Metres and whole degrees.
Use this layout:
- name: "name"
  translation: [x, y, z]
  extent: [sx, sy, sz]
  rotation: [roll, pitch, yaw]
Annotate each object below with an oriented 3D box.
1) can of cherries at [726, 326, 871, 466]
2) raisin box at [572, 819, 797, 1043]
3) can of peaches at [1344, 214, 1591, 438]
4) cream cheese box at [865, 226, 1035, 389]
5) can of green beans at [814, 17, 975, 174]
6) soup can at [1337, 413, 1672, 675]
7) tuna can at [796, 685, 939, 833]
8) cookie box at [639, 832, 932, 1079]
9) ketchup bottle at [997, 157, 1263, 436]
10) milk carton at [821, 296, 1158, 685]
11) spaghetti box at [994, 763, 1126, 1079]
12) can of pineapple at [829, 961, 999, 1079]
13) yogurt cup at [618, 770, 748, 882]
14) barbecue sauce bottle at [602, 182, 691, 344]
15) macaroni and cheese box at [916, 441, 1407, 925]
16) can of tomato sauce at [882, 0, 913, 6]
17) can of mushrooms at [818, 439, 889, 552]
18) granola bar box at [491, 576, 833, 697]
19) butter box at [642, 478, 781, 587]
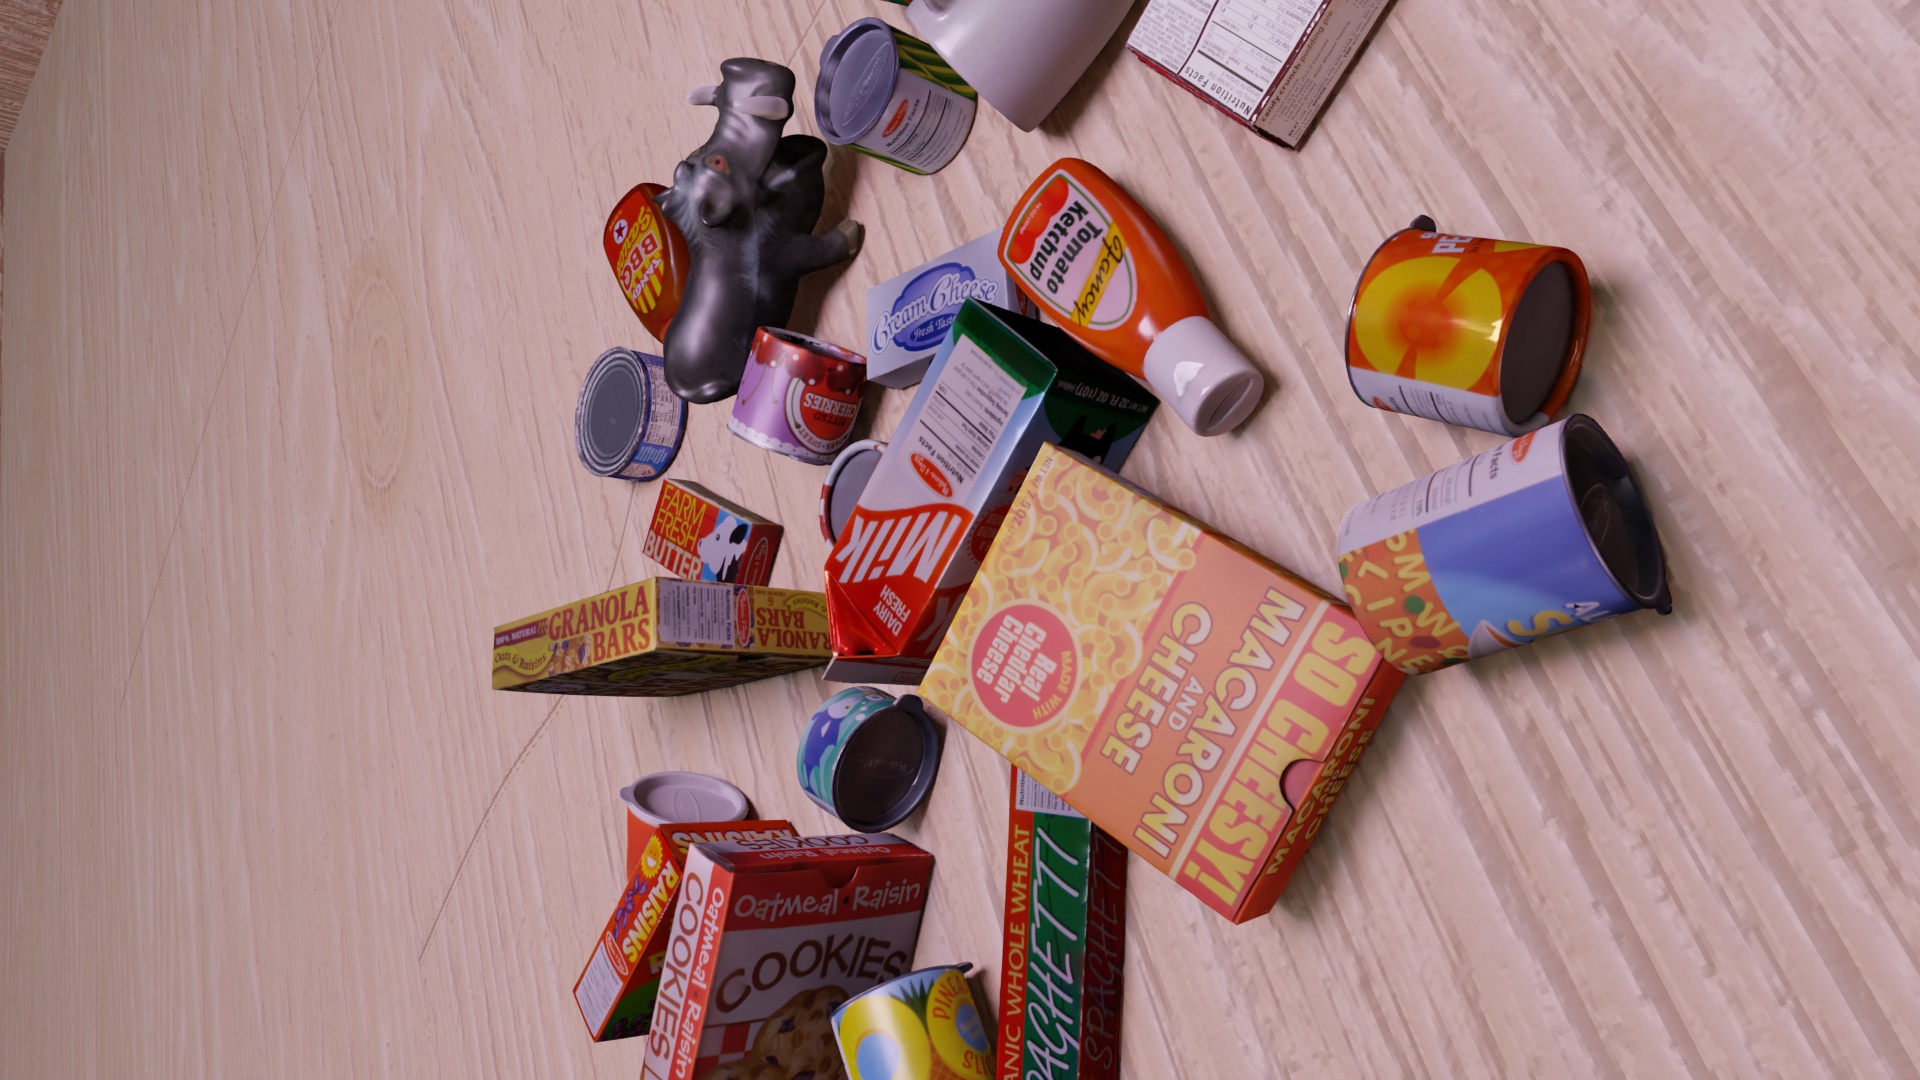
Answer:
- name: "can of cherries"
  translation: [-0.085, -0.078, 0.750]
  extent: [0.071, 0.071, 0.058]
  rotation: [31, 106, 44]
- name: "raisin box"
  translation: [-0.144, 0.209, 0.748]
  extent: [0.040, 0.086, 0.123]
  rotation: [47, 116, 41]
- name: "can of peaches"
  translation: [0.178, -0.075, 0.485]
  extent: [0.058, 0.071, 0.071]
  rotation: [22, 99, 45]
- name: "cream cheese box"
  translation: [-0.006, -0.117, 0.708]
  extent: [0.103, 0.024, 0.053]
  rotation: [-16, 71, 43]
- name: "can of green beans"
  translation: [-0.034, -0.233, 0.731]
  extent: [0.071, 0.058, 0.071]
  rotation: [-9, 78, 44]
- name: "soup can"
  translation: [0.182, 0.006, 0.469]
  extent: [0.083, 0.071, 0.071]
  rotation: [-27, 65, 40]
- name: "tuna can"
  translation: [-0.044, 0.104, 0.680]
  extent: [0.033, 0.071, 0.071]
  rotation: [20, 97, 46]
- name: "cookie box"
  translation: [-0.084, 0.225, 0.659]
  extent: [0.040, 0.123, 0.167]
  rotation: [15, 94, 45]
- name: "ketchup bottle"
  translation: [0.075, -0.105, 0.610]
  extent: [0.064, 0.043, 0.149]
  rotation: [-54, 51, 24]
- name: "milk carton"
  translation: [0.002, -0.008, 0.648]
  extent: [0.073, 0.072, 0.190]
  rotation: [45, 114, 40]
- name: "spaghetti box"
  translation: [0.045, 0.147, 0.608]
  extent: [0.050, 0.029, 0.250]
  rotation: [-3, 81, 45]
- name: "can of pineapple"
  translation: [-0.018, 0.233, 0.633]
  extent: [0.070, 0.071, 0.058]
  rotation: [-43, 56, 32]
- name: "yogurt cup"
  translation: [-0.158, 0.169, 0.787]
  extent: [0.072, 0.072, 0.053]
  rotation: [26, 110, 44]
- name: "barbecue sauce bottle"
  translation: [-0.182, -0.157, 0.879]
  extent: [0.064, 0.044, 0.149]
  rotation: [-48, 53, 30]
- name: "macaroni and cheese box"
  translation: [0.076, 0.052, 0.556]
  extent: [0.167, 0.040, 0.123]
  rotation: [32, 101, 31]
- name: "can of tomato sauce"
  translation: [-0.021, -0.313, 0.723]
  extent: [0.083, 0.071, 0.071]
  rotation: [33, 107, 44]
- name: "can of mushrooms"
  translation: [-0.041, -0.016, 0.719]
  extent: [0.071, 0.033, 0.071]
  rotation: [-10, 76, 44]
- name: "granola bar box"
  translation: [-0.161, 0.057, 0.763]
  extent: [0.165, 0.124, 0.039]
  rotation: [-16, 73, 43]
- name: "butter box"
  translation: [-0.150, 0.001, 0.834]
  extent: [0.103, 0.024, 0.053]
  rotation: [24, 100, 44]
◆ ◆ ◆ ◆ ◆
» **DIRECTIONS FOR THIS TASK**
Nothing beyond the line that contains "19) butter box at [642, 478, 781, 587]" belongs in the answer; reproduce the entries exactly from their first line through it.

» **OUTPUT OF THE EXERCISE**
Metres and whole degrees.
Use this layout:
- name: "name"
  translation: [x, y, z]
  extent: [sx, sy, sz]
  rotation: [roll, pitch, yaw]
Annotate each object below with an oriented 3D box.
1) can of cherries at [726, 326, 871, 466]
2) raisin box at [572, 819, 797, 1043]
3) can of peaches at [1344, 214, 1591, 438]
4) cream cheese box at [865, 226, 1035, 389]
5) can of green beans at [814, 17, 975, 174]
6) soup can at [1337, 413, 1672, 675]
7) tuna can at [796, 685, 939, 833]
8) cookie box at [639, 832, 932, 1079]
9) ketchup bottle at [997, 157, 1263, 436]
10) milk carton at [821, 296, 1158, 685]
11) spaghetti box at [994, 763, 1126, 1079]
12) can of pineapple at [829, 961, 999, 1079]
13) yogurt cup at [618, 770, 748, 882]
14) barbecue sauce bottle at [602, 182, 691, 344]
15) macaroni and cheese box at [916, 441, 1407, 925]
16) can of tomato sauce at [882, 0, 913, 6]
17) can of mushrooms at [818, 439, 889, 552]
18) granola bar box at [491, 576, 833, 697]
19) butter box at [642, 478, 781, 587]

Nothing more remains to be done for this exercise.